This is a passionately written academic book – a characterization which the author would probably agree should not be an oxymoron. The passion suggests that it is written as much for curious general readers as for academics. I hope it reaches many of both, particularly those who know or have known war survivors. The $49.95 list price is a bit misleading – some bookstores are currently selling the book for as low as $33.00.
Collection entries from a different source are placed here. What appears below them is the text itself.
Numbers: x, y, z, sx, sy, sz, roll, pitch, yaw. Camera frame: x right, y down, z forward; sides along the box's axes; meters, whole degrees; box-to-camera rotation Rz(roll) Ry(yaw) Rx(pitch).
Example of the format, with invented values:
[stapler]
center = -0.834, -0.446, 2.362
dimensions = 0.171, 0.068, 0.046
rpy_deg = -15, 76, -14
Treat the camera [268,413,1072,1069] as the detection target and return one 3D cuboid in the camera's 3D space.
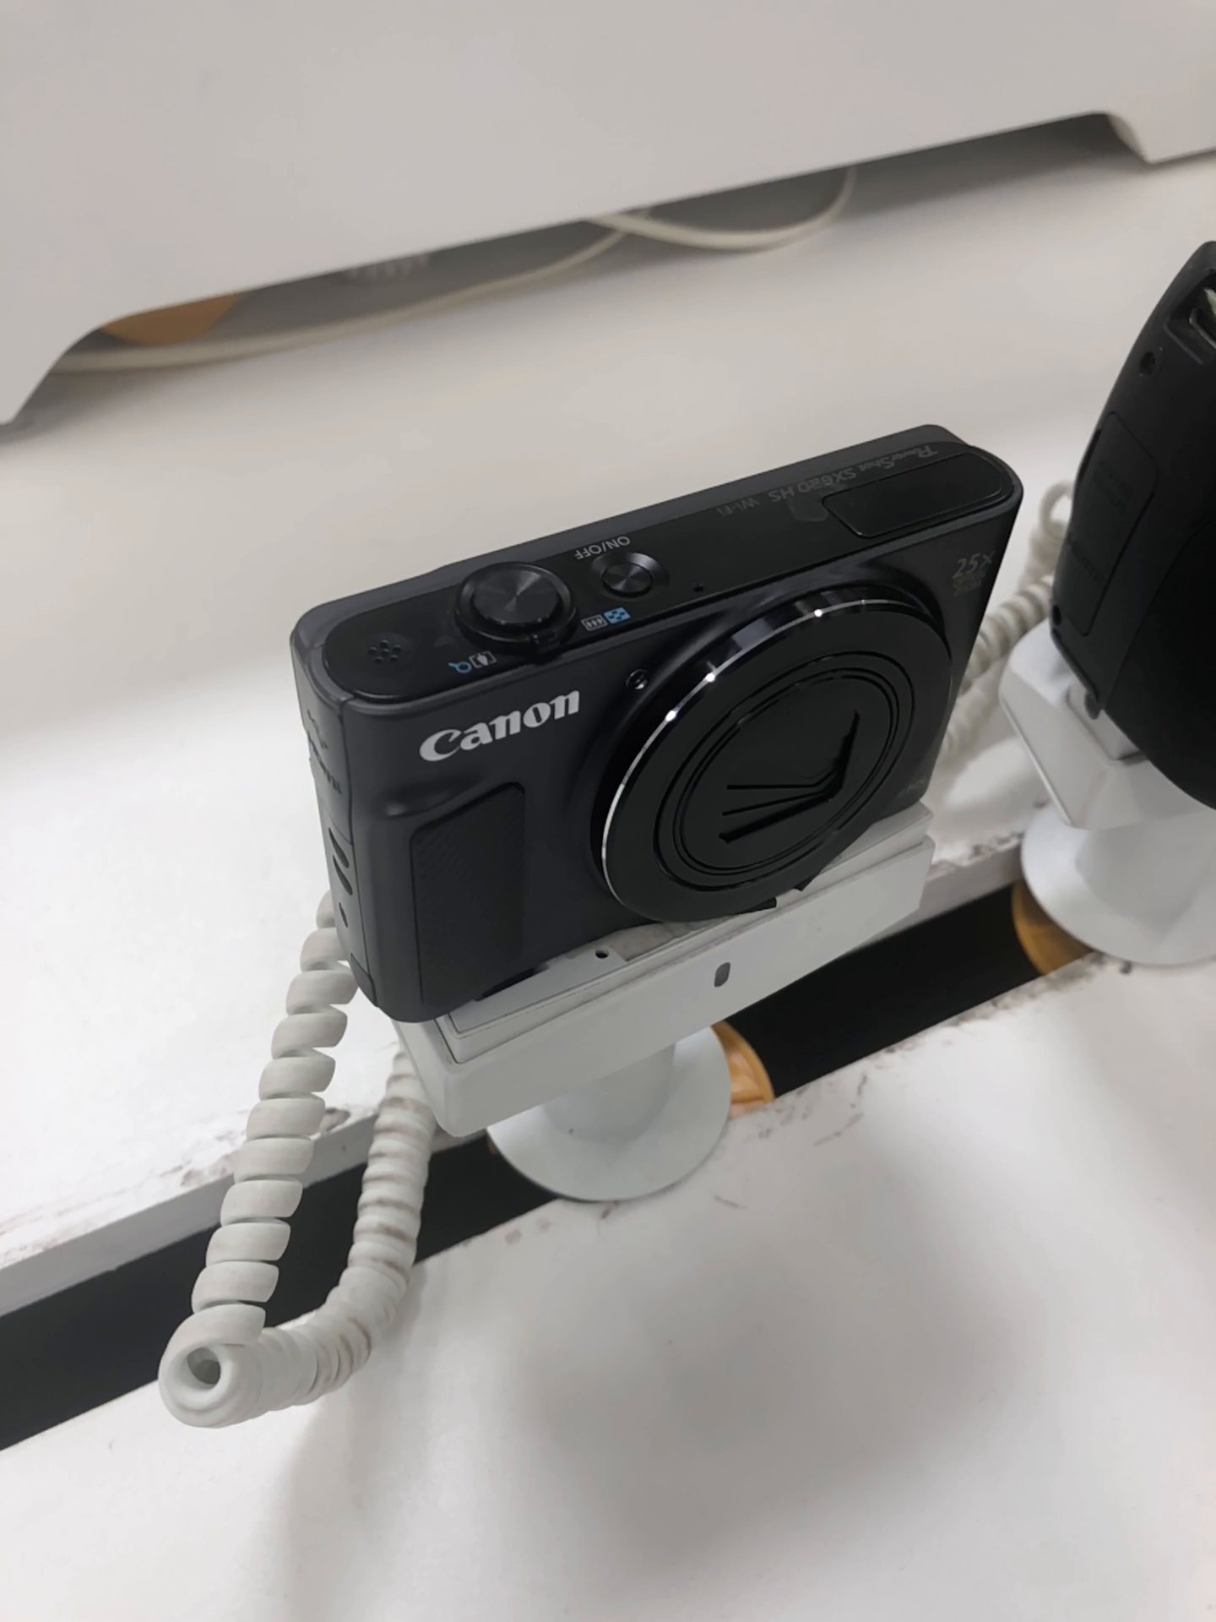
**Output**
[camera]
center = 0.008, -0.010, 0.178
dimensions = 0.093, 0.057, 0.025
rpy_deg = -22, 56, -21

Sherrill Grace’s title, Landscapes of War and Memory, which adapts the “landscapes of memory” theories of psychologist Laurence Kirmayer, foregrounds her basic thesis that the representations of modern war most widely circulated in Canada have been marked by two contradictory cultural imperatives: one, both official and populist, to forget, unconsciously repress, or consciously suppress “shameful past events,” and a second more humanistic one to collectively remember and speak about such distressing matters in “disruptive [but presumably healing] narratives of revelation and disclosure” (58). By forgetting, by not remembering, she writes, Canadians betray those who suffered and died on their behalf – “by ... forgetting the stench of reality, the lies about honour and sacrifice, the greed for military might and wealth, the fathers’ betrayals of their sons” (121).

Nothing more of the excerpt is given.